THIS IS THE RIGHT PLACE TO LEARN HOW TO CARE FOR ORCHIDS
Here is a little mini course in what you need to know about how to care for orchids.
In the wild in the orchids grow primarily in trees as epiphytes or air plants. Sometimes they grow in the ground (terrestrials) like many other plants. Those that grow from trees tend to make the best houseplants.
Orchid success in your home is simple. Just select the orchids that fit the conditions that you can provide. Ideally you match what makes the orchid thrive in the wild and they will be happy in your home. The primary criteria for orchids are light, temperature, humidity, air circulation, appropriate water, appropriate media and correct fertilizer.

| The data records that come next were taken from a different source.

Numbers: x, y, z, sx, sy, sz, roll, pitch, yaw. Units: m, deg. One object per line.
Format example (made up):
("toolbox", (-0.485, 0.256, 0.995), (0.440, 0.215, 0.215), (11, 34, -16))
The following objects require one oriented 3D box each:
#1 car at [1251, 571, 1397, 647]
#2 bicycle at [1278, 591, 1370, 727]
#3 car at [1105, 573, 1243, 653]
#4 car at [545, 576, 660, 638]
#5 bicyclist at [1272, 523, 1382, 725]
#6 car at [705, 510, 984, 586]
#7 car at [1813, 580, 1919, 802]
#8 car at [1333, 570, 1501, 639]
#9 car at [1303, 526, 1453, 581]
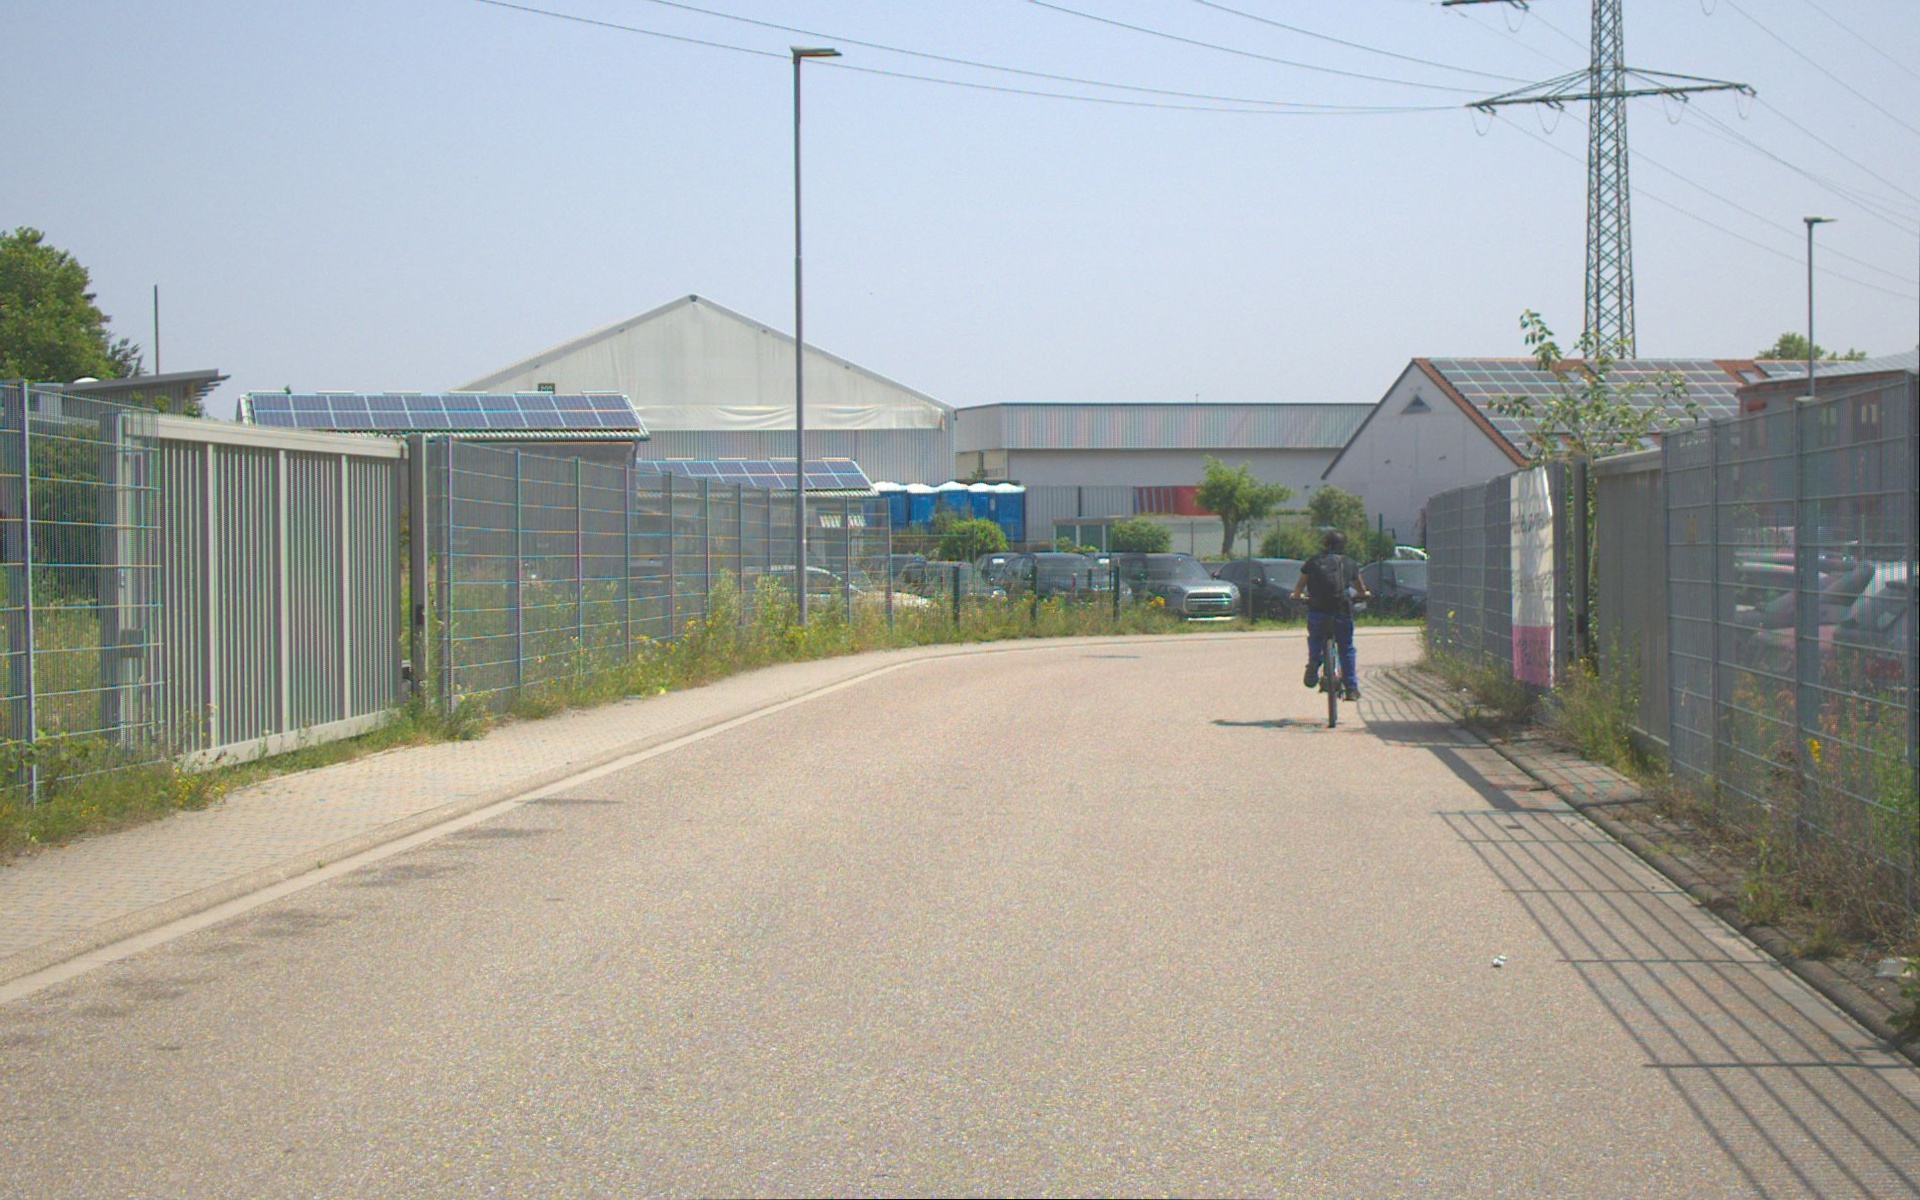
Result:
("car", (7.717, 0.163, 73.266), (1.862, 1.549, 3.772), (0, 1, -15))
("bicycle", (3.038, 0.472, 28.558), (0.685, 1.048, 1.900), (1, 1, 8))
("car", (4.510, 0.259, 73.067), (1.862, 1.638, 3.635), (0, 1, -15))
("car", (-7.763, 0.137, 74.391), (1.862, 1.294, 3.442), (0, 1, -17))
("bicyclist", (3.051, 0.180, 28.512), (0.842, 1.613, 1.039), (1, 2, 8))
("car", (-2.027, -0.906, 59.829), (4.546, 1.302, 1.869), (0, 1, -14))
("car", (8.272, 0.698, 24.007), (4.163, 1.469, 1.638), (3, 1, 1))
("car", (9.929, 0.081, 75.049), (1.995, 1.430, 4.667), (0, 1, -15))
("car", (12.260, -1.363, 100.934), (3.986, 1.593, 1.877), (0, 1, -13))

Like many other flowering plants, orchids often appreciate relatively bright light. This depends upon the kind of orchid. But as a general rule, you may wish to grow orchids and the brightest area of your home and unobstructed south facing window is ideal. However it may need some shading in the summer months. Many orchids will thrive in east or west facing windows as well. Be sensitive to the particular kind of orchid and just exactly what its light requirements are that will allow it to thrive.
Another critical growing component in how to care for orchids is temperature. There are many species of orchids and they are found at all temperature extremes. So again it is very dependent on the kind of orchid you are growing and what you can supply in terms of an ideal environment. In general, orchid growers divide their plants in the three temperature ranges warm, intermediate and cool. These temperature ranges vary somewhat. However, they are a good guideline. Most orchids like people prefer their temperatures in the intermediate range. In general, orchids prefer average home temperatures of 56 – 62 degrees F., (13 – 17 C.) at night in winter and 62 to 80 degrees F., (17 – 27 C.) during the day will suit most orchids. Cool orchids from the higher mountains like a minimum of 50 degrees F., (10 C.)medium orchids from the plateaus like it more like 55 degrees F., (13 C.) and warm orchids from the lowlands like it more like 65 degrees F., (18 C.)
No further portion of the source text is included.